NSF-funded Professor David Bevan and MILES IGERT trainees Justin Lemkul and William Allen in the Biochemistry department are continuing their investigations and using cutting-edge molecular simulations to help develop natural therapeutics for neurological diseases (Parkinson’s and Alzheimer’s). The researchers are using a technique called molecular dynamics (MD) simulations to search for proteins, enzymes, and small molecules with antioxidant activities.

Justin Lemkul is using molecular simulations to explore how compounds present in red wine may work to prevent and reverse the microscopic events that give rise to Alzheimer’s disease. While epidemiological data have long suggested that the antioxidant molecules in red wine have positive health benefits in many diseases, many questions remain regarding the exact mechanism through which they act. Experiments have shown that the unfolding and aggregation of the amyloid B-peptide (AB) kills neurons, leading to Alzheimer’s disease, making this protein a target for therapeutic intervention. In vitro work has concluded that a class of compounds present in red wine, known as flavonoids, can break up the AB protein aggregates, but the mechanism for this phenomenon remains unclear. Molecular dynamics (MD) simulations are being used to explore the nature of the AB-flavonoid interactions, providing a level of detail that is inaccessible to most experimental techniques.

Dr. Bevan’s group recently shown that morin, a type of flavonoid, can bind to the surface of AB aggregates (shown below) to block further aggregation. Furthermore, if morin penetrates inside the AB aggregates, it can disrupt the normal interactions between the protein molecules. The results of these simulations have indicated key chemical features present in morin and other flavonoids that may be useful in drug design for novel therapeutics to treat Alzheimer’s disease.
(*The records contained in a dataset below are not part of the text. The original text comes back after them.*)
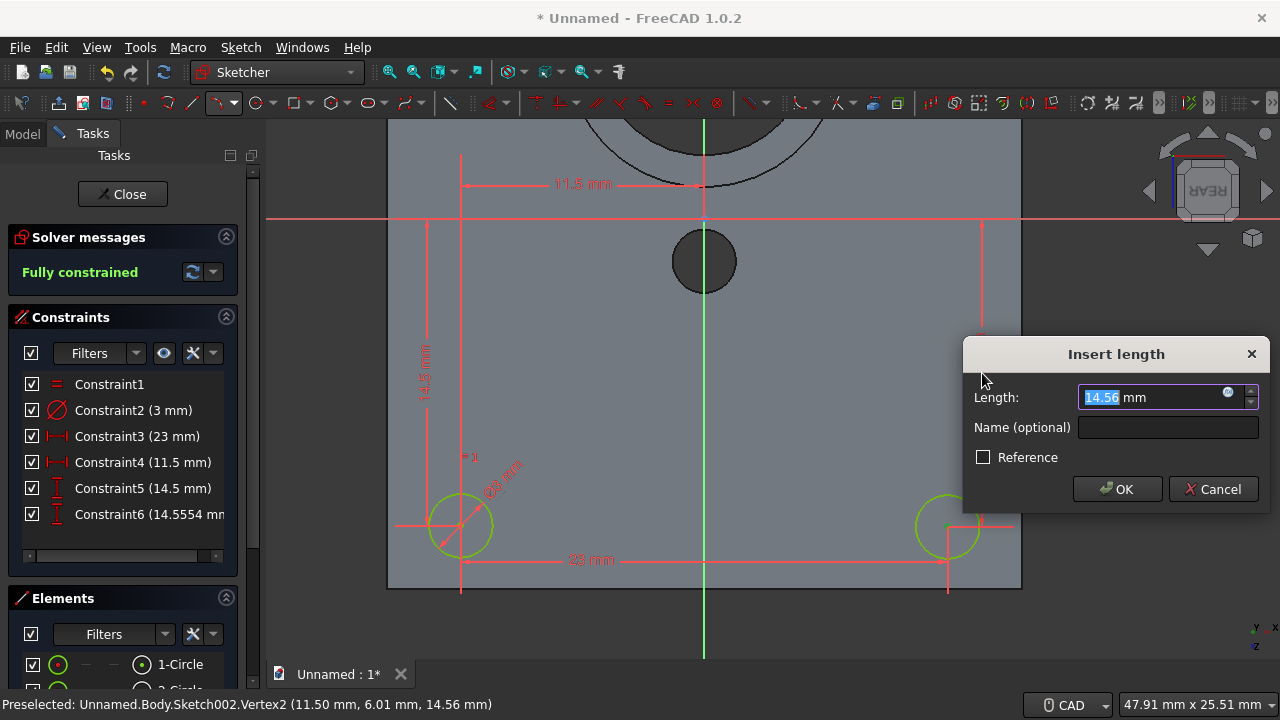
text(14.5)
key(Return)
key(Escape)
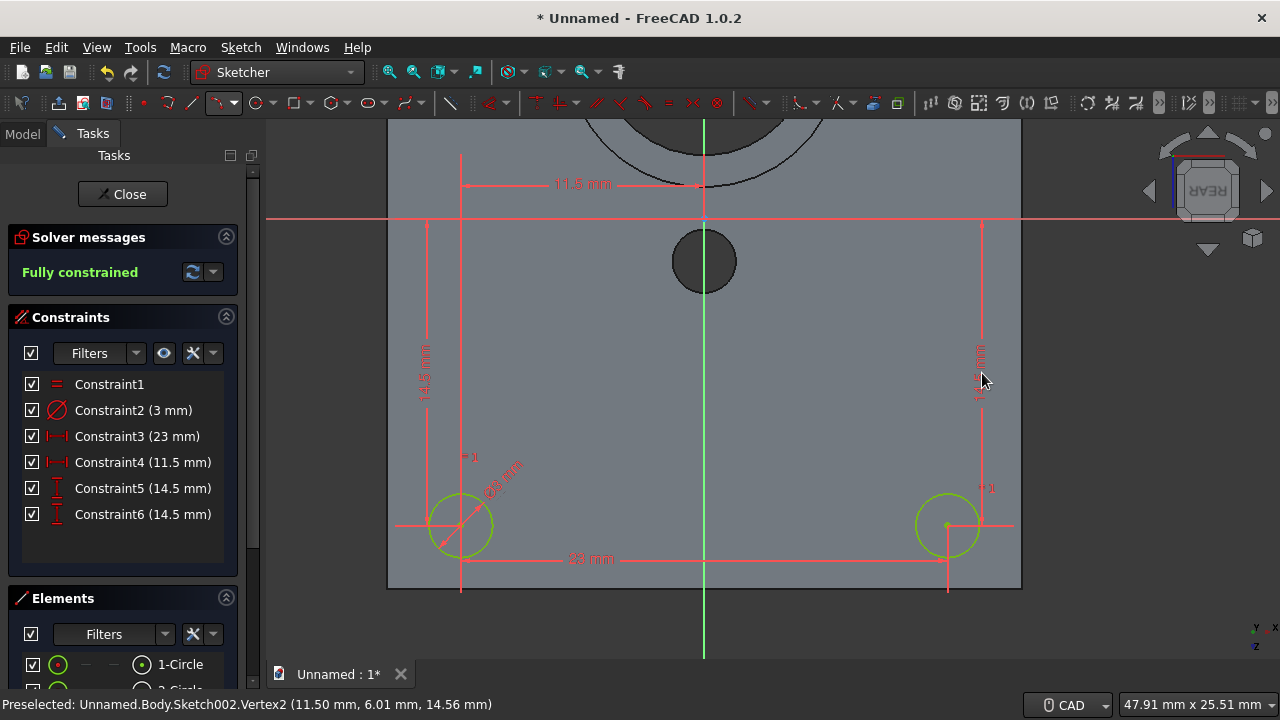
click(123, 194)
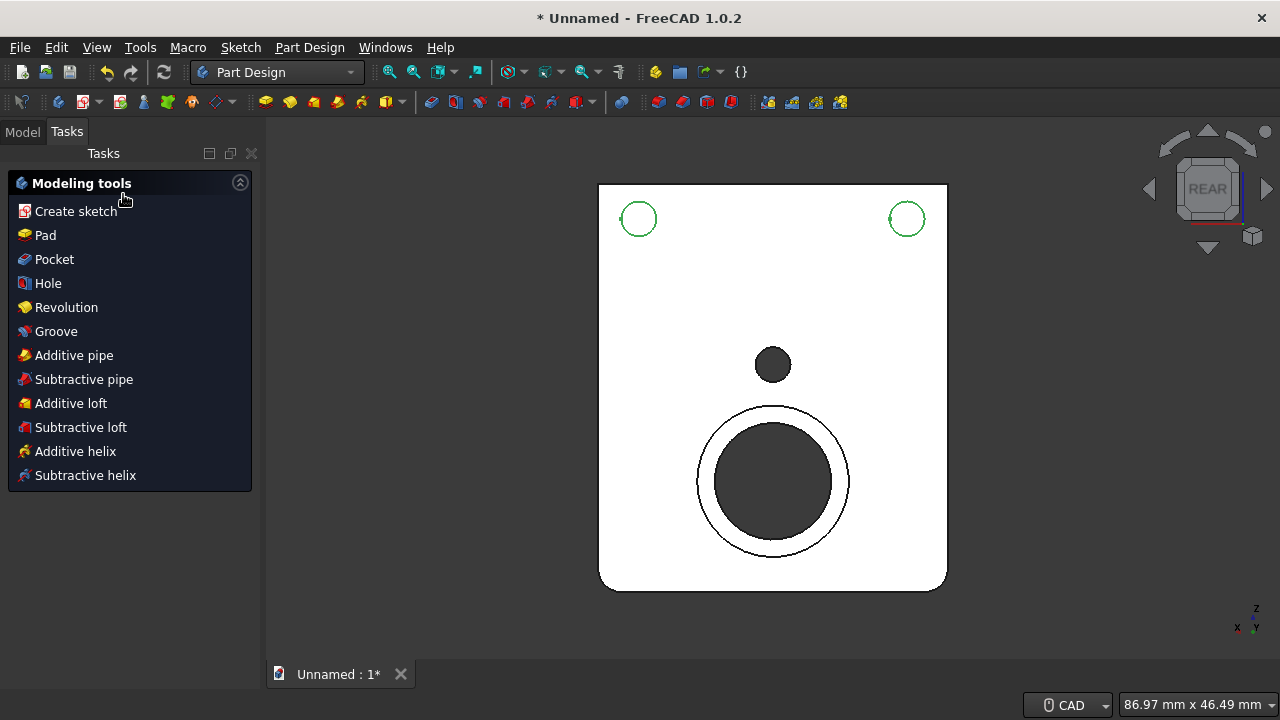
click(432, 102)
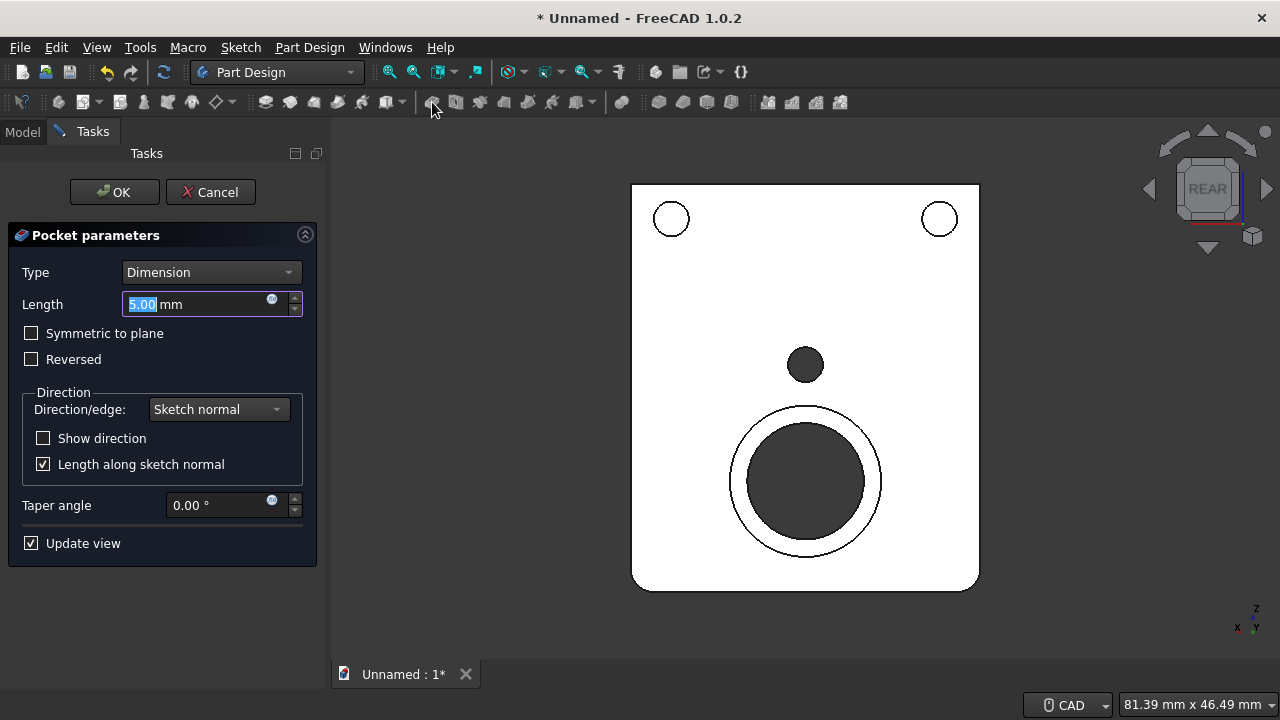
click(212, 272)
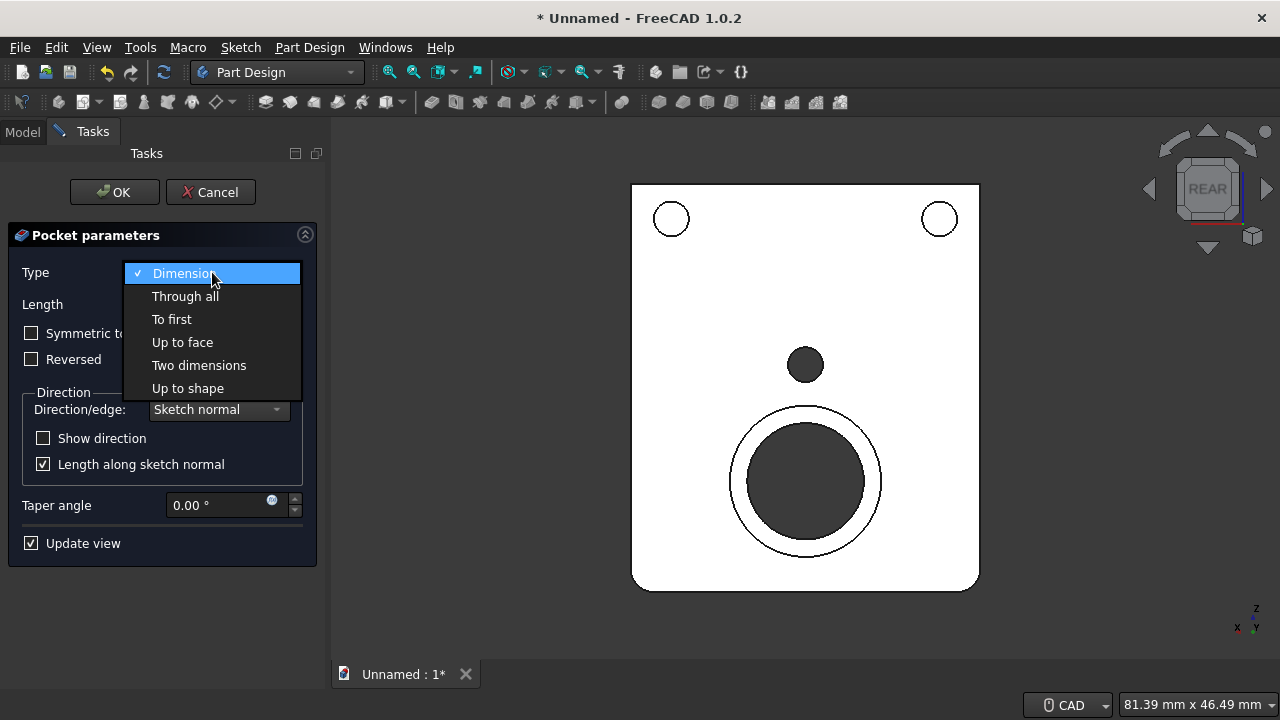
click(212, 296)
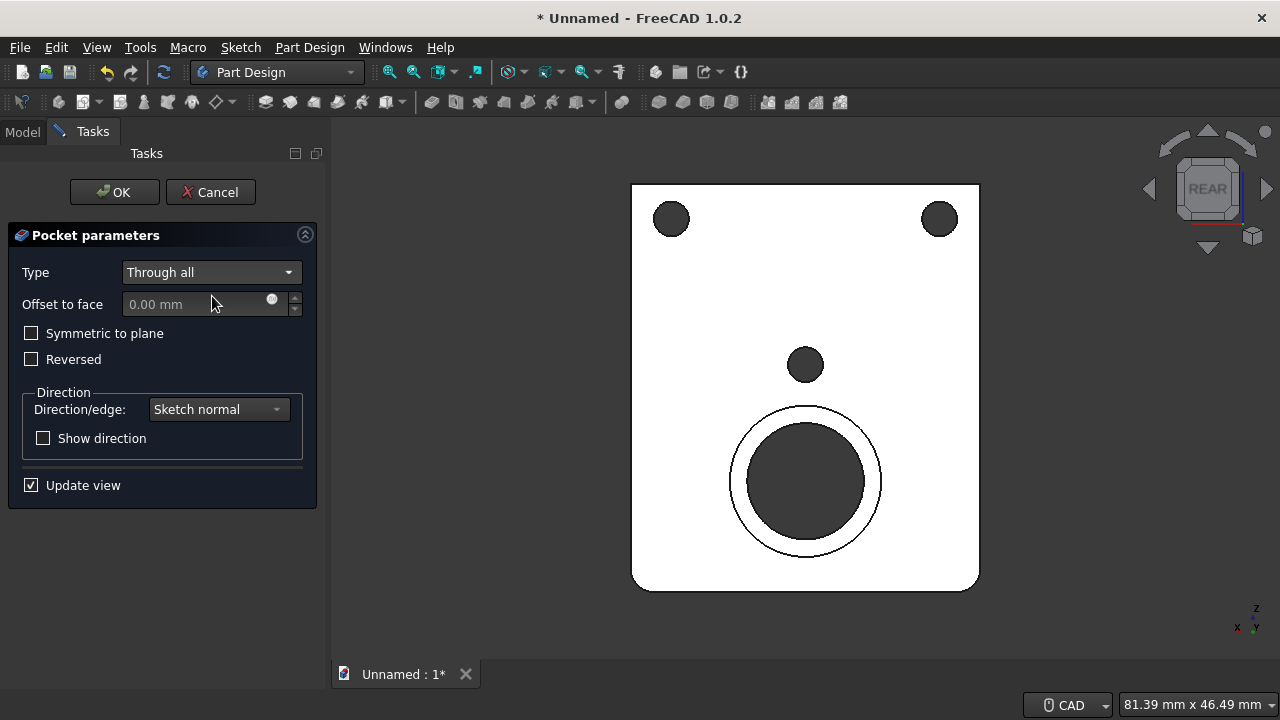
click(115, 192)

William Allen has continued studying monoamine oxidase B (an enzyme that has been implicated in Parkinson’s disease) using molecular modeling techniques to identify and characterize the specific interactions that lead to inhibitor recognition, binding, and affinity. In addition, William Allen and Prof. David Bevan have discovered several important interactions between the tumor suppressor protein p53 and several regulatory proteins. These fundamental interactions are important because their disruption by means of short peptide or small molecule therapeutics could potentially restore p53 function in damaged cells, a function that is necessary in cancer prevention. The specific interactions include a pattern of hydrogen-bonding behavior between the p53 C-terminal domain and a hydrophobic patch on each receptor protein. With the information gathered in this study, the next logical step is to design and test therapeutics that target the same hydrophobic patch, behaving and binding similarly to the p53 C-terminal domain when it binds. The successful design of such therapeutics would result in free p53 in the cell, allowing it to resume its normal role as a tumor suppressor protein.

Address Goals

These investigations are important because the mechanisms for these neurological degenerative diseases are unknown, and the molecular simulations provide atomic-level detail that is impossible to achieve with current experimental methods. The contributions of this work extend primarily to the pharmaceutical industry, but also to the fundamental understanding of the progressive events of Alzheimer’s and Parkinson’s diseases. P53 is a tumor suppressor protein. In 50% of cancer cases, p53 is not working correctly in the cell. The general consensus is that restoration of p53 function in aberrantly growing cells is of enormous therapeutic benefit. Better understanding of these interactions can lead to designing competitive inhibitors for the p53 binding sites, identifying novel receptor proteins, or identifying the p53 binding site on previously defined receptor proteins.